Start of Data records

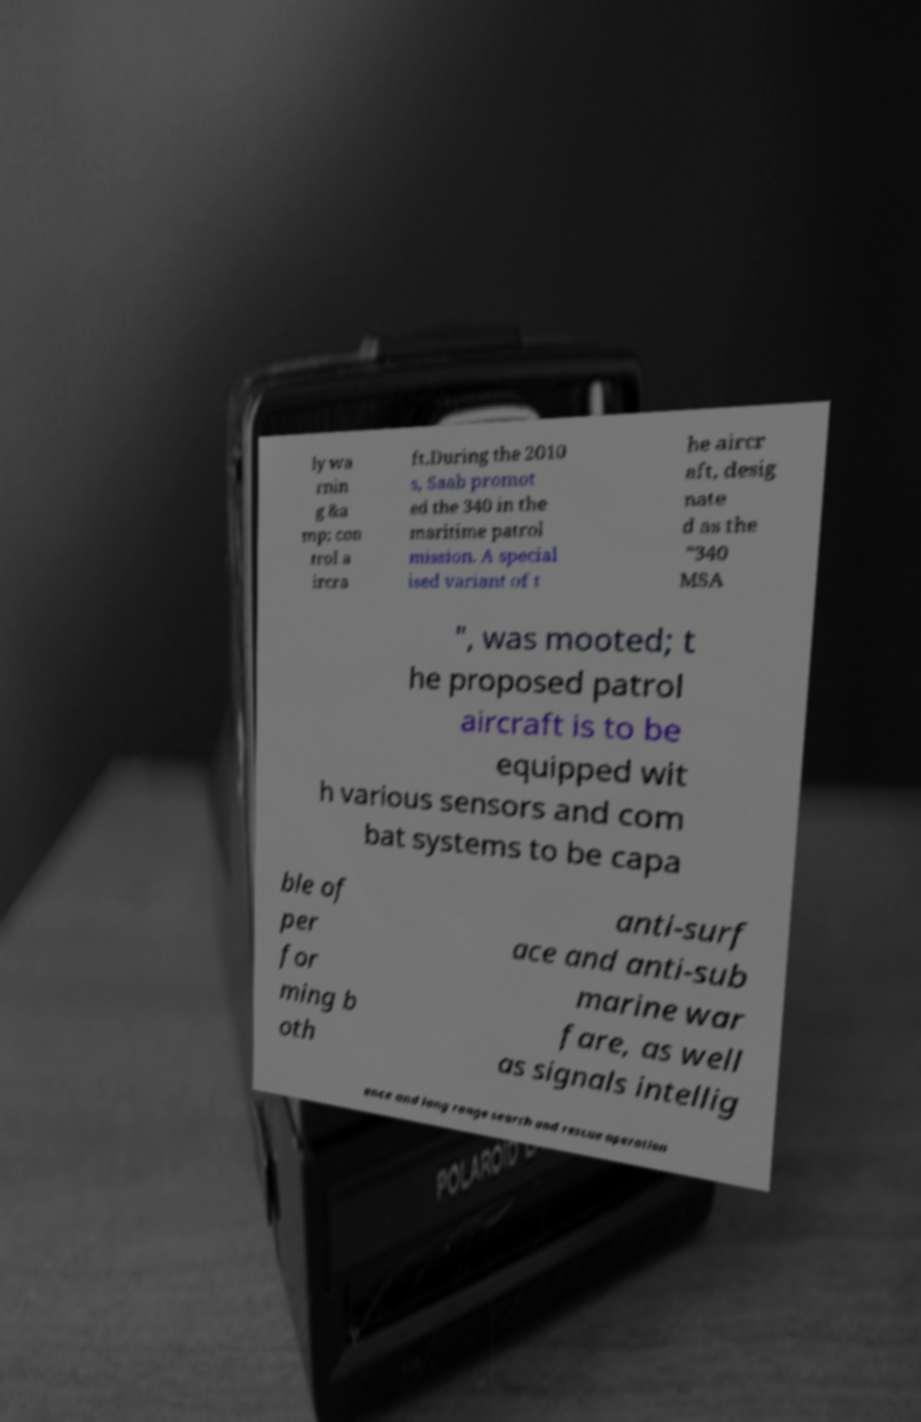For documentation purposes, I need the text within this image transcribed. Could you provide that? ly wa rnin g &a mp; con trol a ircra ft.During the 2010 s, Saab promot ed the 340 in the maritime patrol mission. A special ised variant of t he aircr aft, desig nate d as the "340 MSA ", was mooted; t he proposed patrol aircraft is to be equipped wit h various sensors and com bat systems to be capa ble of per for ming b oth anti-surf ace and anti-sub marine war fare, as well as signals intellig ence and long range search and rescue operation 
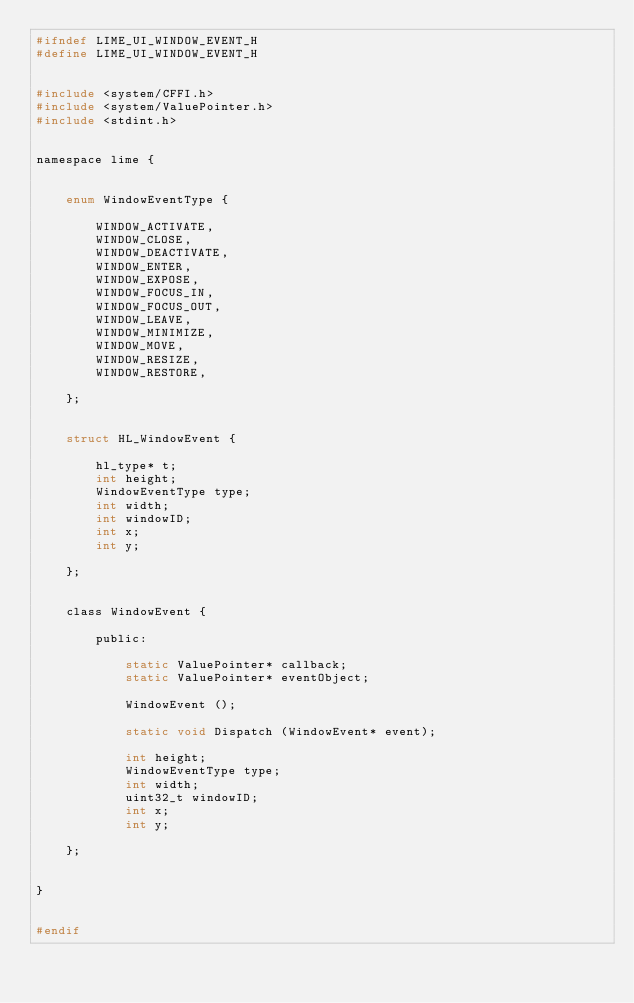Convert code to text. <code><loc_0><loc_0><loc_500><loc_500><_C_>#ifndef LIME_UI_WINDOW_EVENT_H
#define LIME_UI_WINDOW_EVENT_H


#include <system/CFFI.h>
#include <system/ValuePointer.h>
#include <stdint.h>


namespace lime {
	
	
	enum WindowEventType {
		
		WINDOW_ACTIVATE,
		WINDOW_CLOSE,
		WINDOW_DEACTIVATE,
		WINDOW_ENTER,
		WINDOW_EXPOSE,
		WINDOW_FOCUS_IN,
		WINDOW_FOCUS_OUT,
		WINDOW_LEAVE,
		WINDOW_MINIMIZE,
		WINDOW_MOVE,
		WINDOW_RESIZE,
		WINDOW_RESTORE,
		
	};
	
	
	struct HL_WindowEvent {
		
		hl_type* t;
		int height;
		WindowEventType type;
		int width;
		int windowID;
		int x;
		int y;
		
	};
	
	
	class WindowEvent {
		
		public:
			
			static ValuePointer* callback;
			static ValuePointer* eventObject;
			
			WindowEvent ();
			
			static void Dispatch (WindowEvent* event);
			
			int height;
			WindowEventType type;
			int width;
			uint32_t windowID;
			int x;
			int y;
		
	};
	
	
}


#endif</code> 
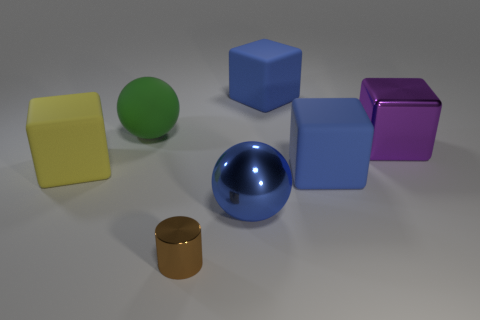What size is the purple thing that is the same material as the large blue ball?
Ensure brevity in your answer.  Large. Is the number of large brown matte balls greater than the number of rubber things?
Provide a short and direct response. No. There is a purple object that is the same size as the rubber ball; what material is it?
Make the answer very short. Metal. Does the matte cube that is on the left side of the metallic cylinder have the same size as the brown thing?
Your answer should be compact. No. How many cubes are either yellow rubber objects or big objects?
Provide a succinct answer. 4. What is the material of the large ball that is on the right side of the small brown thing?
Provide a short and direct response. Metal. Are there fewer brown shiny things than brown shiny blocks?
Your answer should be very brief. No. There is a matte block that is in front of the large purple metal object and on the right side of the yellow rubber block; what size is it?
Provide a short and direct response. Large. There is a rubber cube behind the matte cube that is left of the small metal thing that is in front of the green matte sphere; what size is it?
Offer a very short reply. Large. What number of other things are there of the same color as the shiny sphere?
Give a very brief answer. 2. 
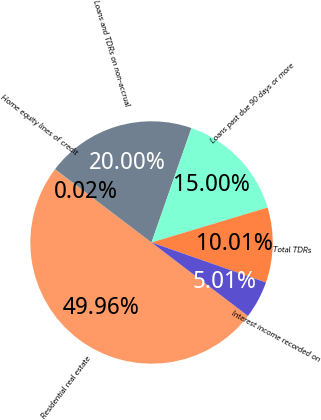Convert chart to OTSL. <chart><loc_0><loc_0><loc_500><loc_500><pie_chart><fcel>Residential real estate<fcel>Home equity lines of credit<fcel>Loans and TDRs on non-accrual<fcel>Loans past due 90 days or more<fcel>Total TDRs<fcel>Interest income recorded on<nl><fcel>49.96%<fcel>0.02%<fcel>20.0%<fcel>15.0%<fcel>10.01%<fcel>5.01%<nl></chart> 
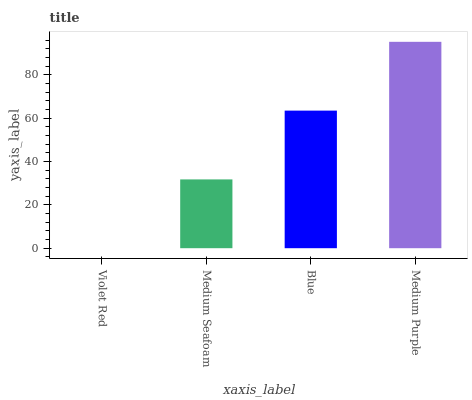Is Violet Red the minimum?
Answer yes or no. Yes. Is Medium Purple the maximum?
Answer yes or no. Yes. Is Medium Seafoam the minimum?
Answer yes or no. No. Is Medium Seafoam the maximum?
Answer yes or no. No. Is Medium Seafoam greater than Violet Red?
Answer yes or no. Yes. Is Violet Red less than Medium Seafoam?
Answer yes or no. Yes. Is Violet Red greater than Medium Seafoam?
Answer yes or no. No. Is Medium Seafoam less than Violet Red?
Answer yes or no. No. Is Blue the high median?
Answer yes or no. Yes. Is Medium Seafoam the low median?
Answer yes or no. Yes. Is Violet Red the high median?
Answer yes or no. No. Is Blue the low median?
Answer yes or no. No.

End of Data records

Brief: From the listing above, copy every line that includes the word "WindowEventType".

Response area:
	enum WindowEventType {
		WindowEventType type;
			WindowEventType type;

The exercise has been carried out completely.